Exercise: For the entries below, the result should be an exact transcription of the lines from the one with "Numbers: x, y, z, sx, sy, sz, roll, pitch, yaw. Lengths" up to and including the one with "Produce the 3D", and only those.

[[ Data provided open ]]

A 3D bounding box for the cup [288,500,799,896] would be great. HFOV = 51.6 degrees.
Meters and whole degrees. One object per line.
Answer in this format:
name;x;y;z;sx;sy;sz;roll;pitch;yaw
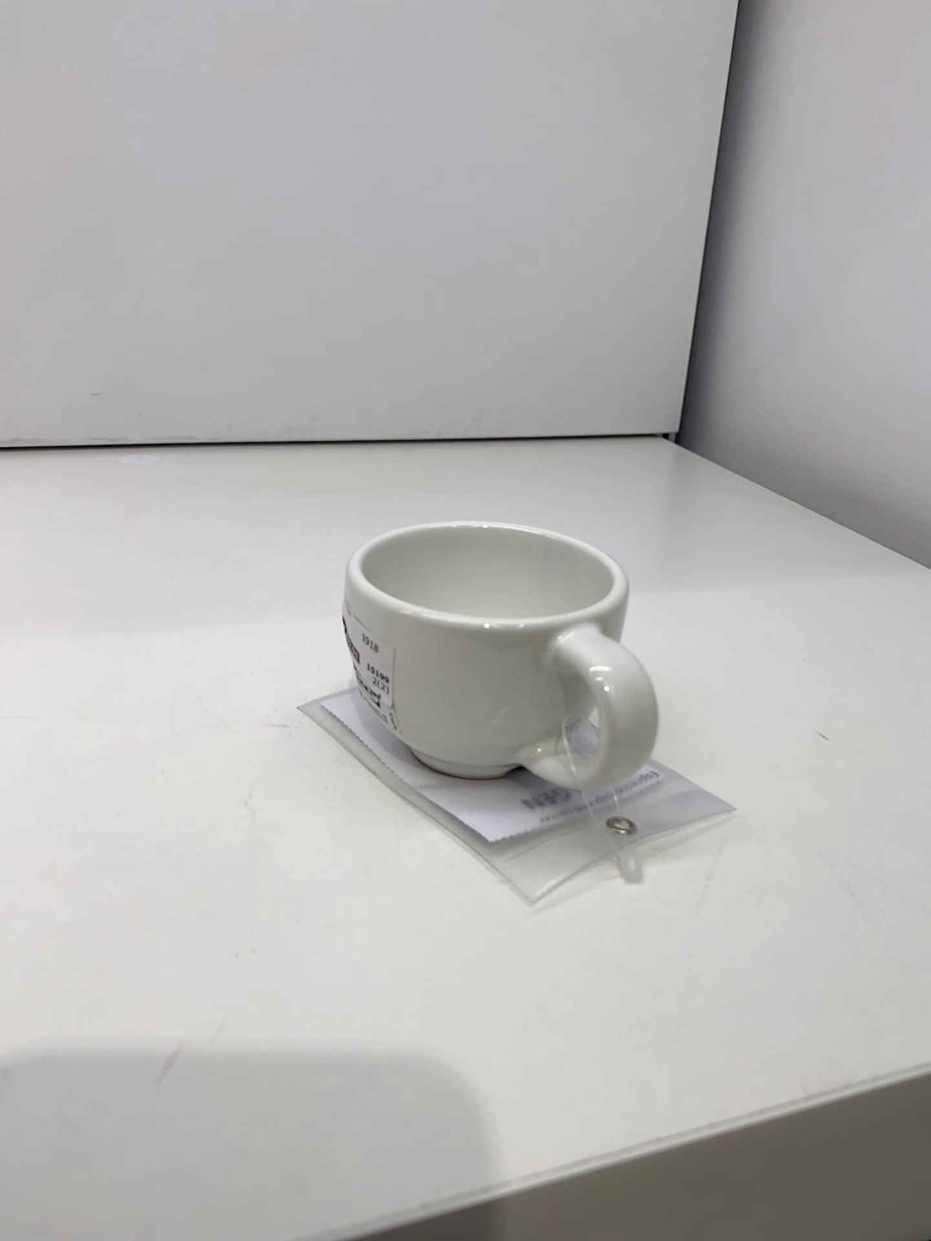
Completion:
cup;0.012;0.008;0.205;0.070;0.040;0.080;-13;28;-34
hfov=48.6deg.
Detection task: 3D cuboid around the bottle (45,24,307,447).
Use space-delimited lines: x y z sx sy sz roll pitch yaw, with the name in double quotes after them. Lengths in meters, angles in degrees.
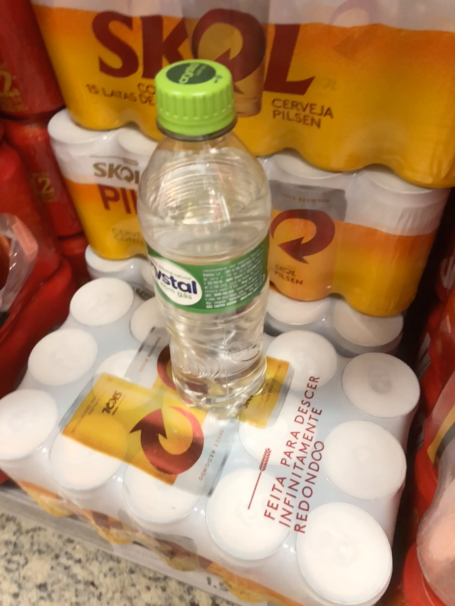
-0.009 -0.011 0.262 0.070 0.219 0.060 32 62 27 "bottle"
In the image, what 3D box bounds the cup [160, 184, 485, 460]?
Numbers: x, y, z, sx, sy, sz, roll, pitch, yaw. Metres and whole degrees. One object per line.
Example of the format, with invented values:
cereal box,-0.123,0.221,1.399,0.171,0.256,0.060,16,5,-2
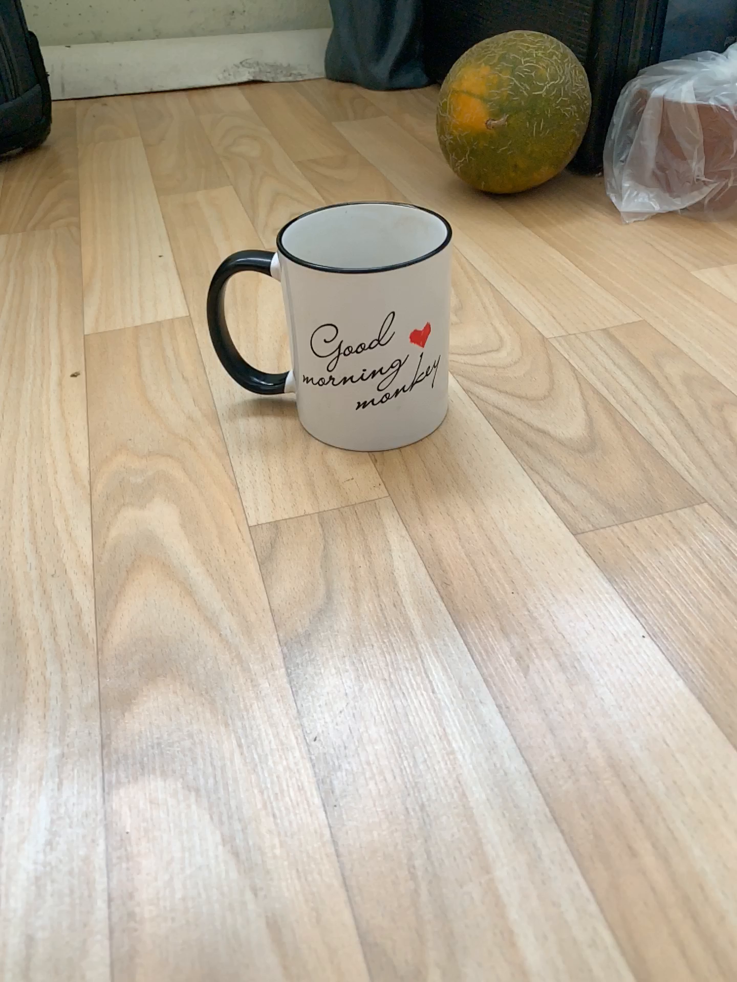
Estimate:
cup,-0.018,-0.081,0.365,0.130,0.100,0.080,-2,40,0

[[ Data provided closed ]]
[[ Data provided open ]]

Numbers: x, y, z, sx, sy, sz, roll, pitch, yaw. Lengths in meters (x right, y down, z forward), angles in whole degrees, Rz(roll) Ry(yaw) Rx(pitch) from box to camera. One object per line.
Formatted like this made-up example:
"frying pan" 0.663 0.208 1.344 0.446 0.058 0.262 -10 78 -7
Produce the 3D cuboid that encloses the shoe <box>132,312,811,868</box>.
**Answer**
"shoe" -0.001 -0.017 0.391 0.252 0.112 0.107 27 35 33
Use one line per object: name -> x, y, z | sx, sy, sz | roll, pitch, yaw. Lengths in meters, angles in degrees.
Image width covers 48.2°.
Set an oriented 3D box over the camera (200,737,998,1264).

[[ Data provided closed ]]

Answer space:
Numbers: x, y, z, sx, sy, sz, roll, pitch, yaw. Lengths in meters (x right, y down, z forward), angles in whole degrees, Rz(roll) Ry(yaw) Rx(pitch) from box to camera. One object per line.
Formatted like this made-up example:
"frying pan" 0.663 0.208 1.344 0.446 0.058 0.262 -10 78 -7
Produce the 3D cuboid that encloses the shoe <box>132,312,811,868</box>.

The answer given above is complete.